Cominciano a sparare alcuni fuochi di artificio. ce li godiamo seduti,
ma poco dopo ci guardiamo e decidiamo di tronare allo stadio, tanto per
essere sicuri di poterci godere dal vivo quelli che verranno.
ore
21.40: Usciamo dalla piazzetta e anche stavolta il taxi, questa volta
davvero quello giusto, uno dei pochi taxi con il pass olimpico,
guadagnato dal tassita grazie alla sua diligenza sul lavoro. Ne va
fiero, io anche. Poi mi guardo nella borsa, tutti e tre con i nostri
bei pass gialli, fieri e un po’ imbarazzati, i blocchi delle strade si
aprono e in pochissimo arriviamo fino al limite del water cube. Più
avanti non si può, o hai avuto culo per avere il biglietto di ingresso*,
o hai speso 500 euro minimo.
ore 22.00: Che
facciamo? In mezzo al marciapiede, accanto a noi un militare con la
ricetrasmittente sempre in funzione, noi seduti sui un gradino, al lato
sinistro il palazzone bianco, che proittava fari luminosi
lontanissimi, sopra di noi 2 elicotteri non smettono di volare e
spostare l’aria afosa. Mi sdraio addirittura in attesa, le chiacchiere
si perdono tra la mia vita e la sua. Io la Cina e miei viaggi
precedenti, commenti sul paese, lui, licenziatosi dalla Germania vive
in Italia, nell’azienda mamma delle mamme. Di nuovo stanchezza ma
continuo a chiacchierare liberamente senza chiedere troppo di
specifico, ci perdiamo tra questo e quello. The eternal sunshine of the
spotless mind, concordiamo sul disgusto del nome italiano. Il tempo
passa, un accenno di fuochi. Mi vene il dubbio che non ci siano più
fuochi, cazzo sono due ore che siamo seduti e ancora nulla di che.

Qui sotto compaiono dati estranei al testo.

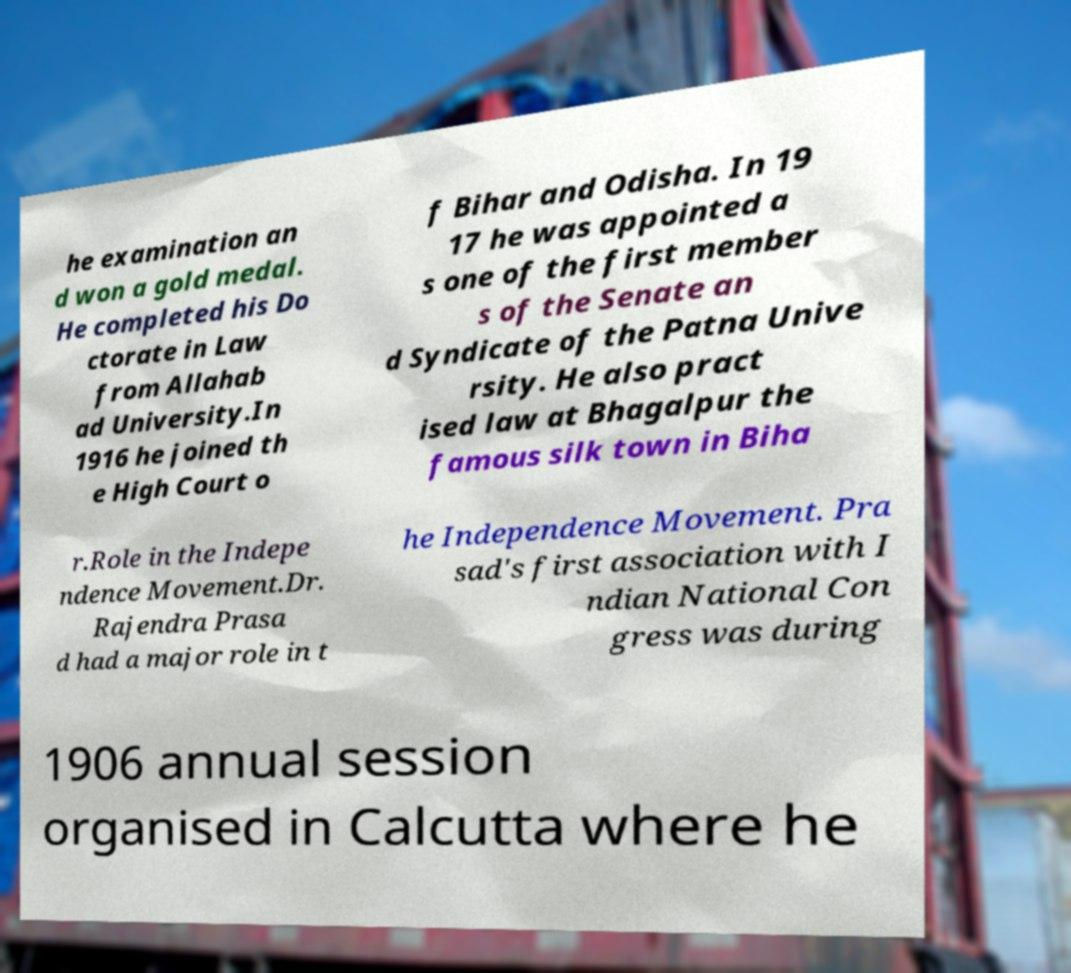Please read and relay the text visible in this image. What does it say? he examination an d won a gold medal. He completed his Do ctorate in Law from Allahab ad University.In 1916 he joined th e High Court o f Bihar and Odisha. In 19 17 he was appointed a s one of the first member s of the Senate an d Syndicate of the Patna Unive rsity. He also pract ised law at Bhagalpur the famous silk town in Biha r.Role in the Indepe ndence Movement.Dr. Rajendra Prasa d had a major role in t he Independence Movement. Pra sad's first association with I ndian National Con gress was during 1906 annual session organised in Calcutta where he 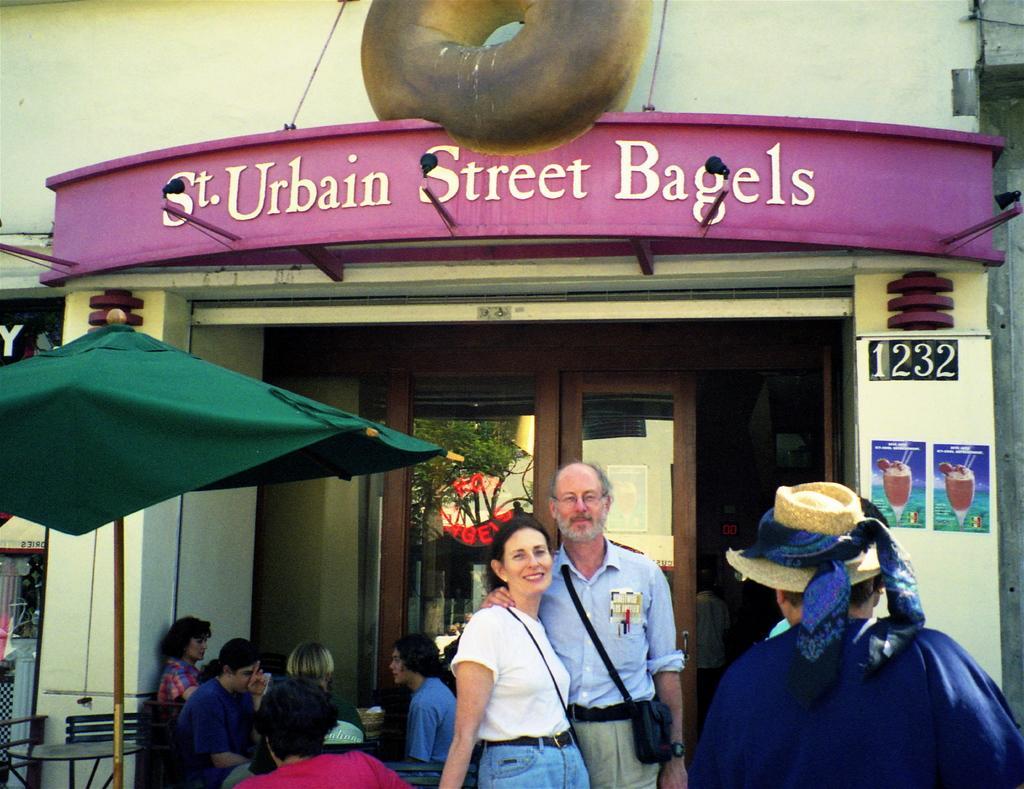In one or two sentences, can you explain what this image depicts? In the given image I can see a people, plant, board with text, chair and table. 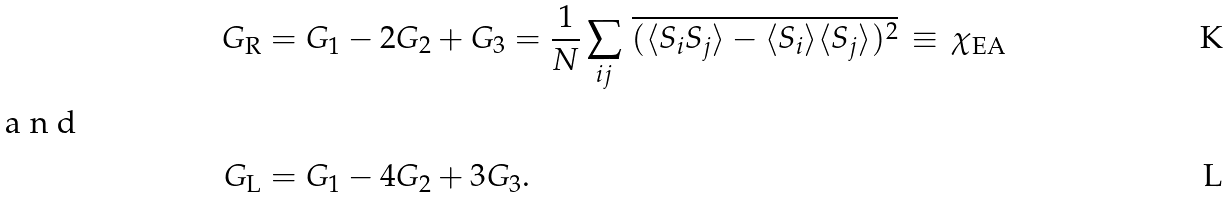Convert formula to latex. <formula><loc_0><loc_0><loc_500><loc_500>G _ { \text {R} } & = G _ { 1 } - 2 G _ { 2 } + G _ { 3 } = \frac { 1 } { N } \sum _ { i j } \, \overline { ( \langle S _ { i } S _ { j } \rangle - \langle S _ { i } \rangle \langle S _ { j } \rangle ) ^ { 2 } } \, \equiv \, \chi _ { \text {EA} } \\ \intertext { a n d } G _ { \text {L} } & = G _ { 1 } - 4 G _ { 2 } + 3 G _ { 3 } .</formula>

Mentre so che all’interno dello stadio il burattinaio sta muovendo
magicamente i fili di tutto quanto.
ore 23.59: Scommettiamo che non fanno i fuoochi, dico io. L. mi stringe forte la mano, scommettiamo una cena giapponese.
ore 24.02: Perdo la scommessa, i fuochi hanno inizio. 15 minuti di colori nel cielo di Pechino.
Per chi vuole vedere le immagini, perfavore guardate the bigpictures. Sito geniale comunque.